This command is intended to provide general administrative tools required by the logdriver suite. Currently it supports these commands.

logdriver version

This will print out the version of logdriver that is installed, and the date it was compiled on.

[root]# logdriver version
logdriver version 2.0.0
Built at 2013-03-18T14:29:30-0400

logdriver classpath

This will print out a java classpath that contains everything needed to run any logdriver tool.

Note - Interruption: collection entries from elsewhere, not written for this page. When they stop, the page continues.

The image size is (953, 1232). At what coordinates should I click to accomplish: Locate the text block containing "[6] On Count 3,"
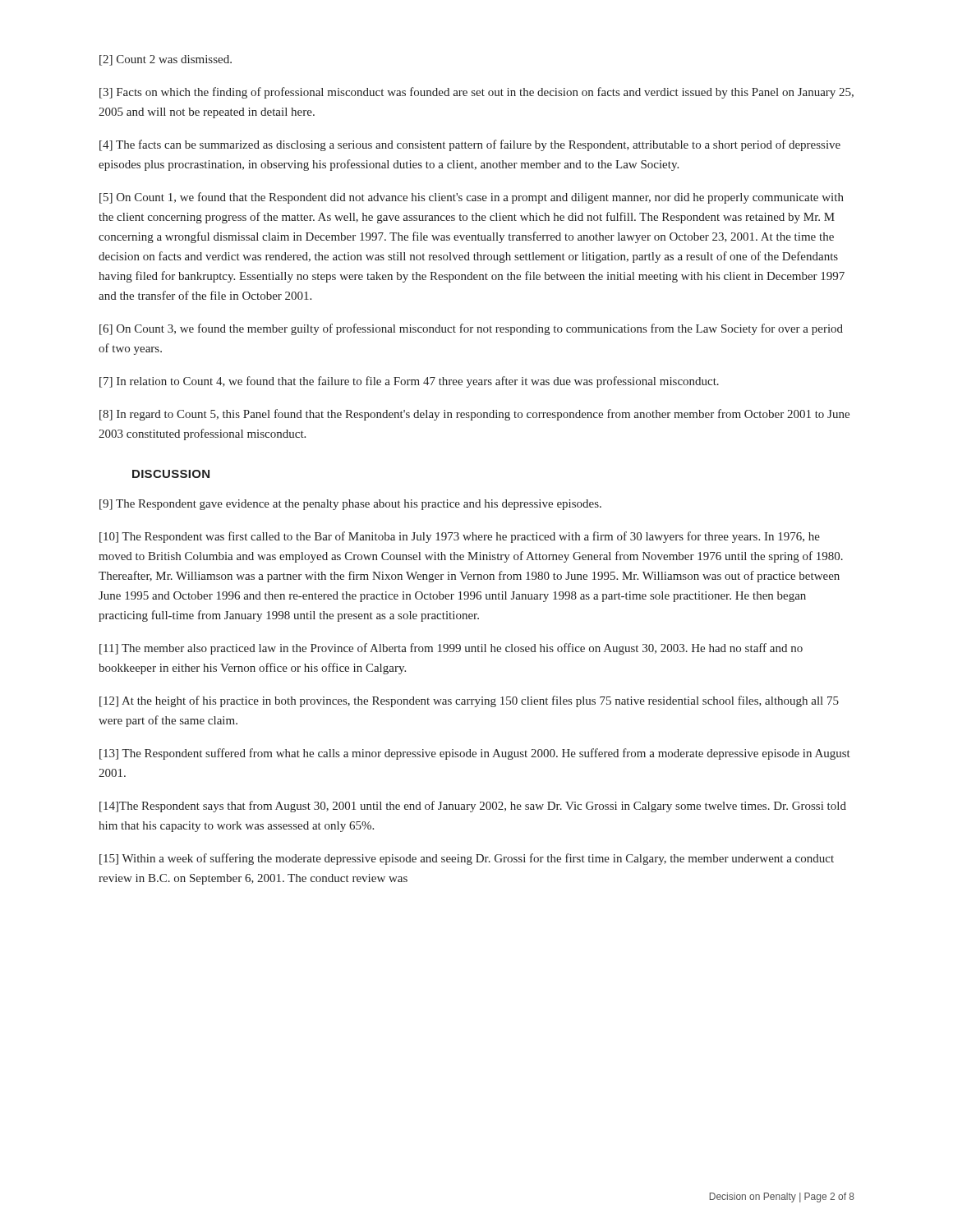tap(471, 338)
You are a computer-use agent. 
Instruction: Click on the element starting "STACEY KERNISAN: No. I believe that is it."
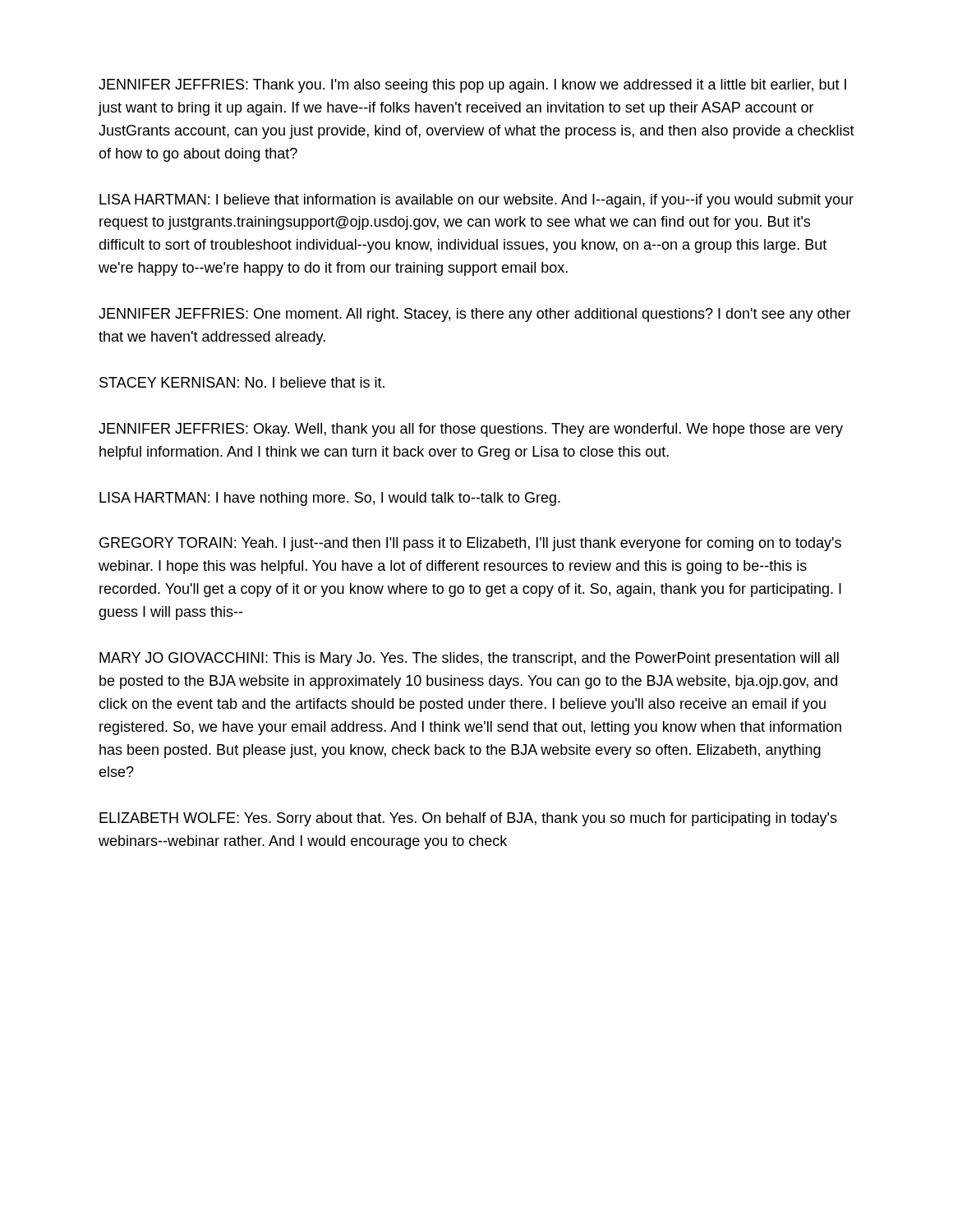pos(242,383)
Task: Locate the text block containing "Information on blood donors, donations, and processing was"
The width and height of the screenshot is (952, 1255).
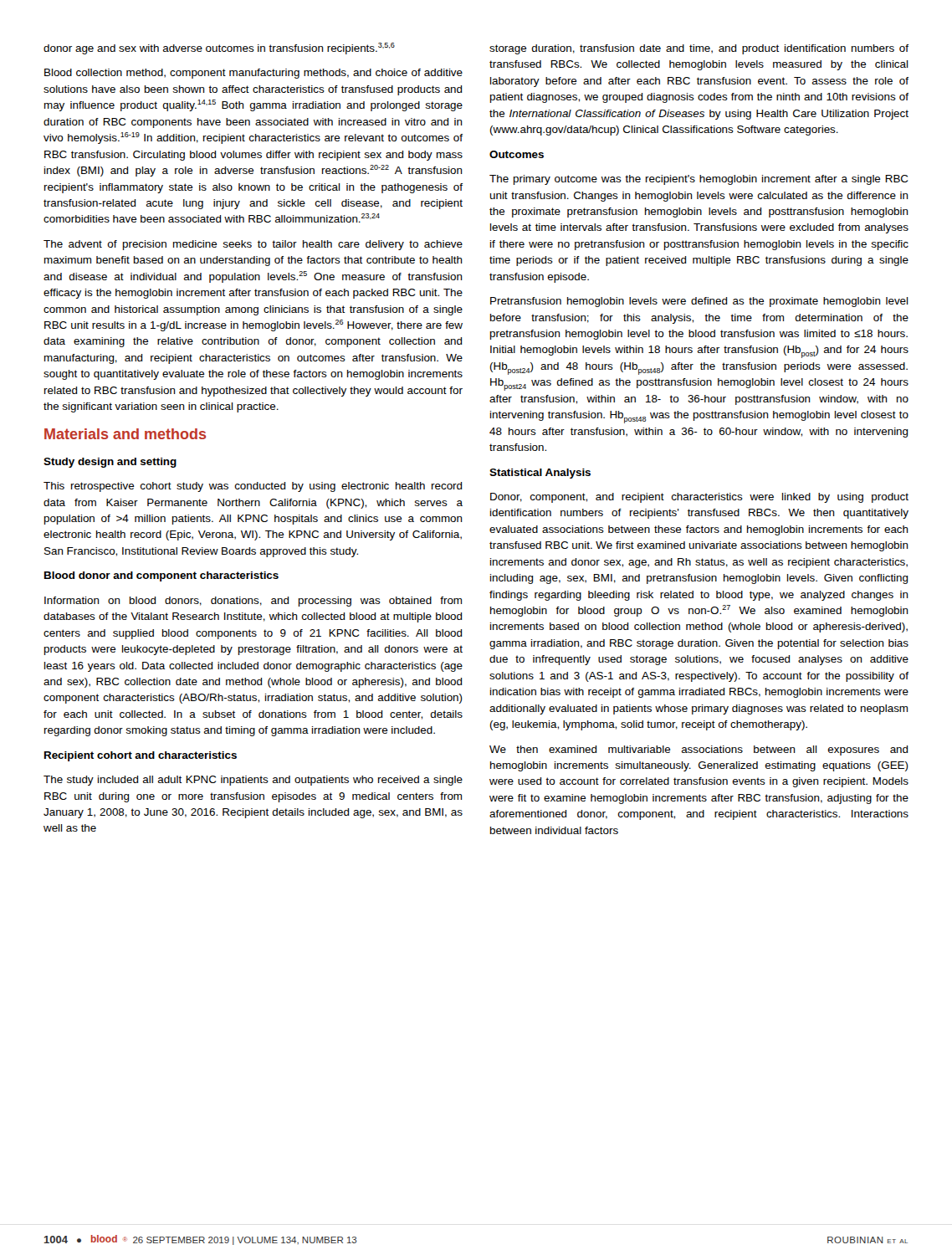Action: [x=253, y=665]

This can be used if, for example, you would rather use a java command to run a tool than the hadoop jar command.

For example, these two command lines will both run the logmaintenance tool.

hadoop jar /usr/lib/logdriver/jar-with-dependencies/logdriver-with-dependencies.jar com.rim.logdriver.admin.LogMaintenance
java -cp `logdriver classpath` com.rim.logdriver.admin.LogMaintenance

But the second version may allow you to use other Java command line switches more easily.

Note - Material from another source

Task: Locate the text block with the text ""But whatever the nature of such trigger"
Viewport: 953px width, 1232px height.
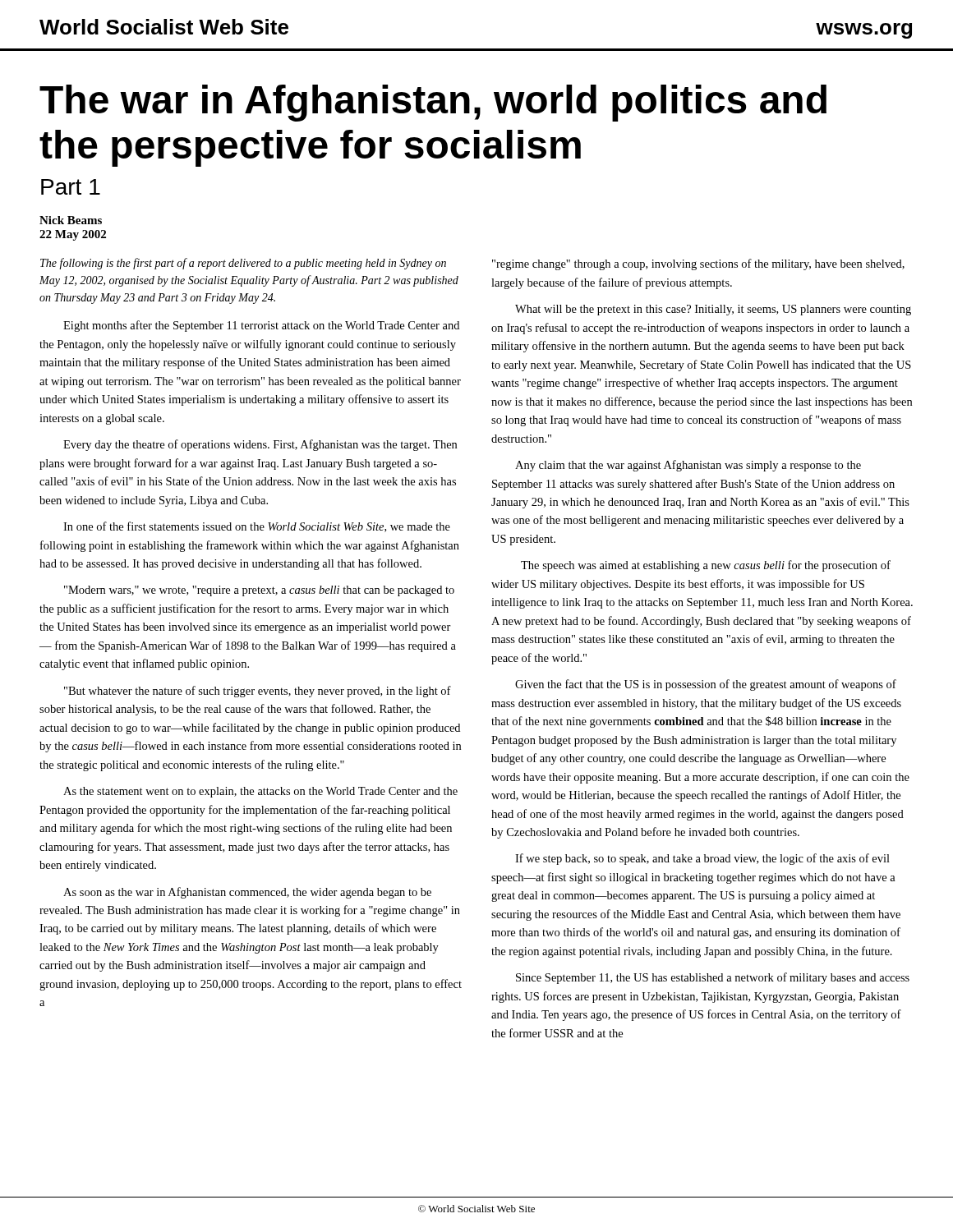Action: click(x=250, y=727)

logdriver deploy-oozie-workflows

logdriver setup-logmaintenance

/usr/bin/hfind

A very small subset of the unix find tool, that works on HDFS.

Usage

/usr/bin/hfind [path]... [test]... [action]...

hfind will do a depth first search of each path, and apply, to each file and directory, all tests (in order) followed by all actions (in order), stopping when any test or action returns false.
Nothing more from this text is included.